What our courts have deemed a sufficient request in writing is also instructive. The Supreme Court has held that where an insured was provided with a notice, explaining changes in the law pursuant to General Statutes § 38-175c (now § 38a-336) read the notice, selected one of five optional uninsured motorist coverage choices, indicated his preference by initialing the selection, signed, dated, and returned the notice to the insurer by mail, the waiver was effective. Harlach v. MetropolitanProperty Liability Ins., 221 Conn. 185, 188, n. 3 (1992). An insured was also considered to have effectively waived his right to the statutory amount of uninsured/underinsured motorist coverage when, after receiving two notices from the insurance company in the mail, detailing the changes in uninsured motorist law, he received a bill for the adjusted higher premium. He responded by crossing out the higher amount and writing on the bill "have already signed green sheets [notices] 2X DO NOT want extra insurance. Spoke to agent, told me to cross out above, and mailed the bill to the insurer. Smogowicz v. State Farm MutualAuto Insurance Co., 9 CSCR 856 (July 19, 1994, Austin, J.)

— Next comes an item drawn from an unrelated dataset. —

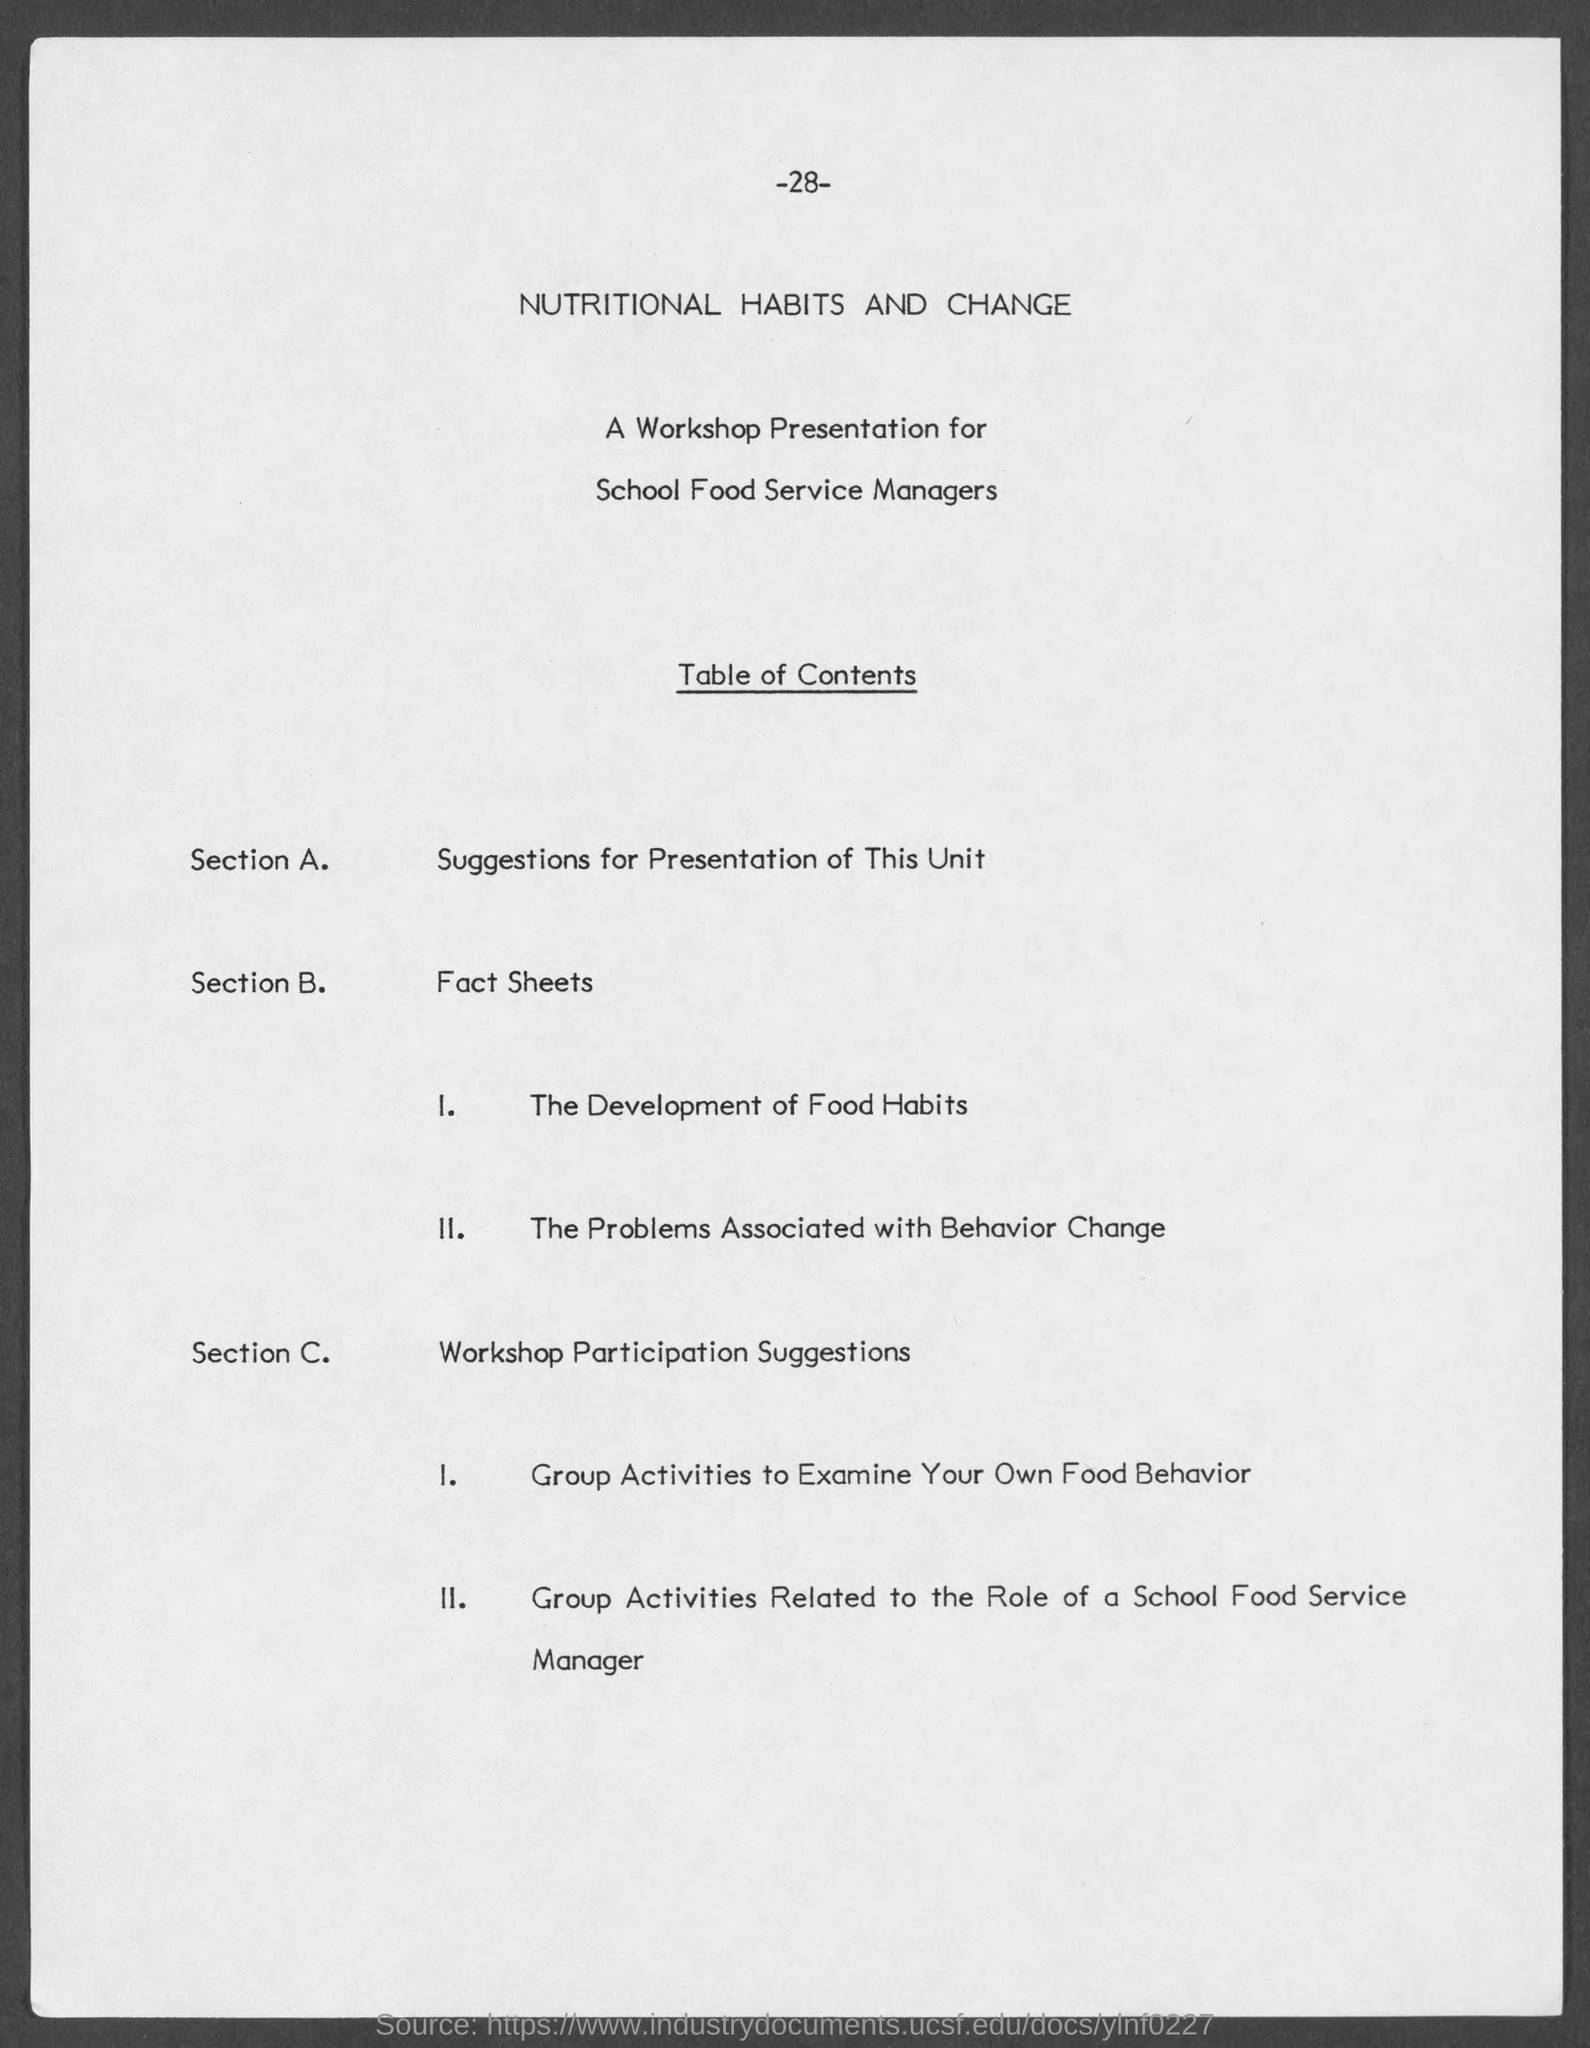What is the page number at top of the page?
Offer a very short reply. -28-. What does section a deals with ?
Give a very brief answer. Suggestions for Presentation of this Unit. What does section b deals with ?
Give a very brief answer. Fact sheets. What does section c deals with ?
Your answer should be compact. Workshop Participation Suggestions.

This court concurs with those trial court decisions which have determined that a clear, conscious, unambiguous, written expression indicating the insured's considered decision to forego the statutory amount of uninsured/underinsured motorist coverage and an awareness of the effect of that election, made in writing be conspicuous language proved by the insurer or by insured's own hand, signed and dispatched by the insured fulfills the requirements for a legal waiver.

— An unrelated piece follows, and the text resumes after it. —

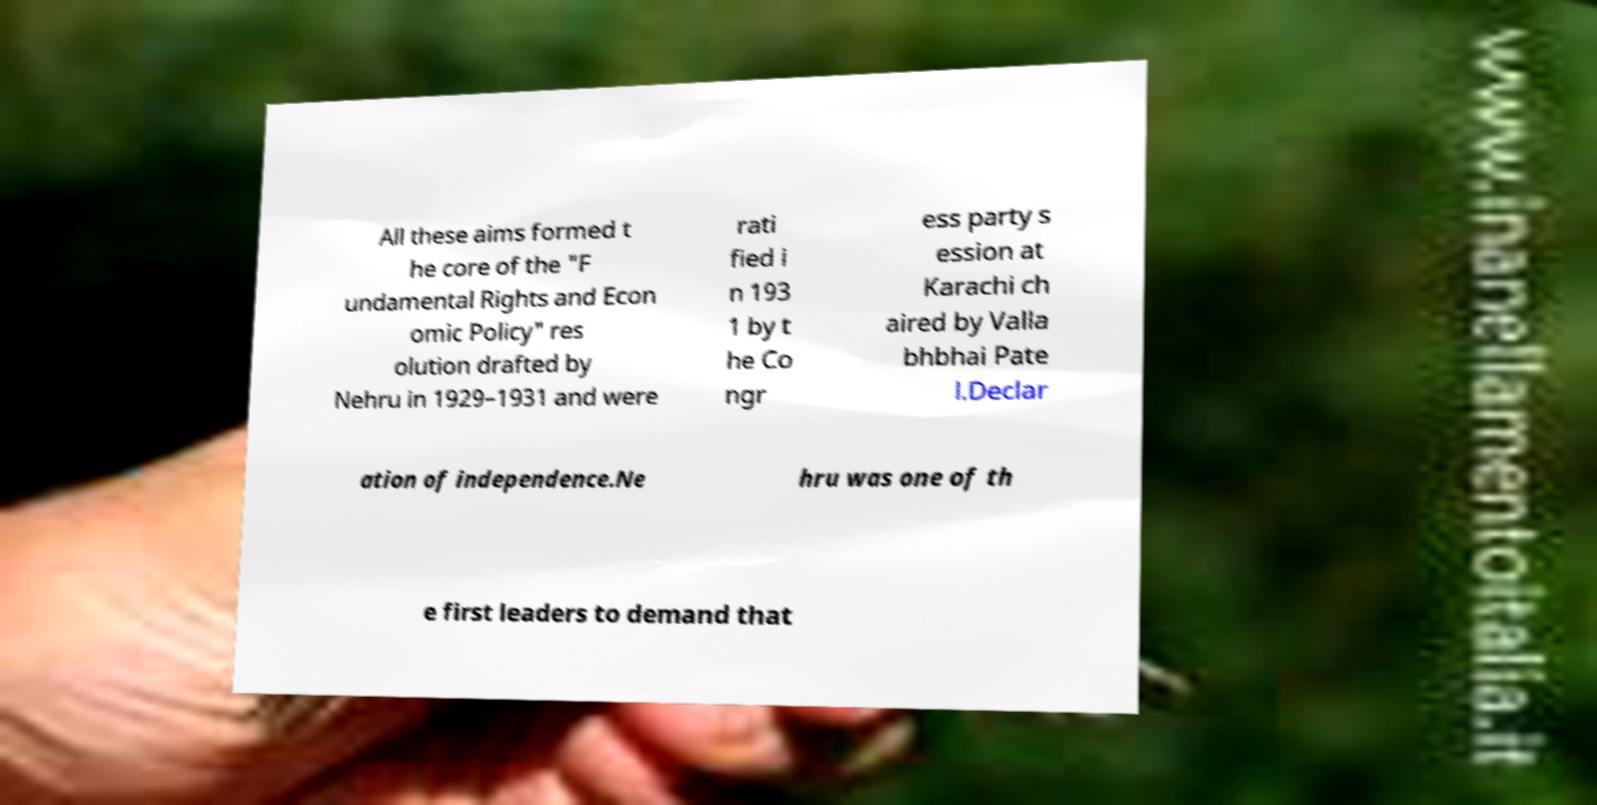I need the written content from this picture converted into text. Can you do that? All these aims formed t he core of the "F undamental Rights and Econ omic Policy" res olution drafted by Nehru in 1929–1931 and were rati fied i n 193 1 by t he Co ngr ess party s ession at Karachi ch aired by Valla bhbhai Pate l.Declar ation of independence.Ne hru was one of th e first leaders to demand that

In the instant case the defendant did not obtain a request in writing that conforms to these exacting standards. Rather, the defendant filled out an application to obtain automobile insurance generally, recited a dollar amount of uninsured/underinsured motorist coverage and elicited a signature. There is no evidence in the writing that the alleged election to purchase less uninsured/underinsured motorist coverage that the statute would have prescribed was informed, conscious or reflective. These facts, coupled with the defendant's concession that it owed the plaintiff a duty to obtain a sufficient written request, and its failure to do so, lead this court to the conclusion that there is no issue of material fact remaining in the case as to the issue of the Accord application. CT Page 8946

III. CONCLUSION

This court finds that the Accord application form was deficient as a matter of law for purposes of electing a lesser amount of uninsured/underinsured motorist coverage pursuant to General Statutes, § 38-175c, as amended. To hold otherwise would be to render the express language of the statute superfluous. Accordingly, the plaintiff's motion for summary judgment is granted and the defendant's motion for summary judgment is denied. The court, having decided the motions on the basis of statutory construction, does not reach plaintiff's alternative arguments mentioned at oral argument by both parties.